Más limpios que una monja con oficio, los cangrejos sanearon la playa y los caminos, ahora demandaba la Naturaleza alguien que se deshiciese de los miles de lorigas que infestaban la isla. Pájaros. Sí. Vinieron casi al tiempo que los otros, pero en número menor, y tras ellos, para limpiar el guano y los centenares de alados secos que también quedaron, aparecieron las hormigas y todo insecto o bicho más pequeño que un pulgar.

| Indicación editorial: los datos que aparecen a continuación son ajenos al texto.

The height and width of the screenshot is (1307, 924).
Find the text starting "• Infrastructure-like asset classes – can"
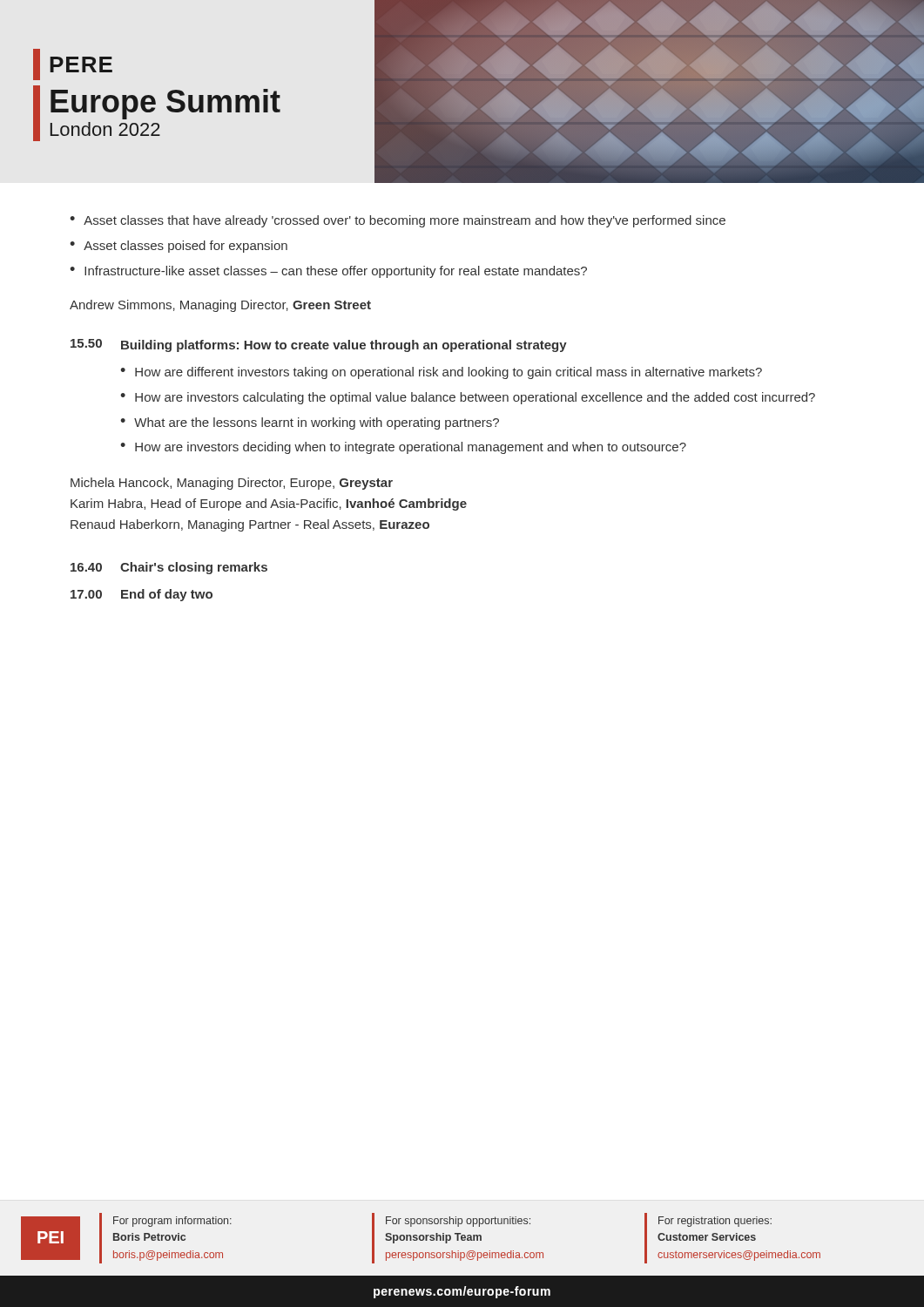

En un par de días todo volvía a estar como el día que desembarcó con la intención de auxiliar al Sordo. A Estanislao Olite. - No veo el momento -habló Titagolda en alto mientras abría un coco- No veo el momento para decirle al capitán Verrugo dónde se halla el troquel. - ¡Ça alors! -por no mencionar desde el tiempo de la hambruna el capitán Misson lo creyó delirio de época y olvidado- Vuelves al tema. Insistes. - No insisto. Lo vi. Pero no supe lo que era hasta que no lo volví a ver en sueños. Y en la vigilia. - Pues no lo pongas en el mismo zurrón que a Gordosumo y los suyos. - El troquel es de plata y no habrán podido los cangrejos con él. Seguirá estando dónde estaba, y está, hasta que no esté de regreso la Psiconauta. - Oui. Y no te creas que me importa lo más mínimo. El mismo Caimán bien de años me ha dado el coñazo; por ver si me entraba curiosidad y así hablar de sus cosas. Mas no me interesan las canibaladas y demás pasquines singulares que le son currículum. Aburrido me tiene. Or, argent, bijous... bah, no he sido nunca gustoso de lucir abalorios y no es mi estilo el mercadeo; no necesito. No habría mayor tesoro para mí que aquél que me saciase el folgar, yacer o yantar al momento que me pluguiera. Libertad, bandera y patria, sería quizá más sencillo.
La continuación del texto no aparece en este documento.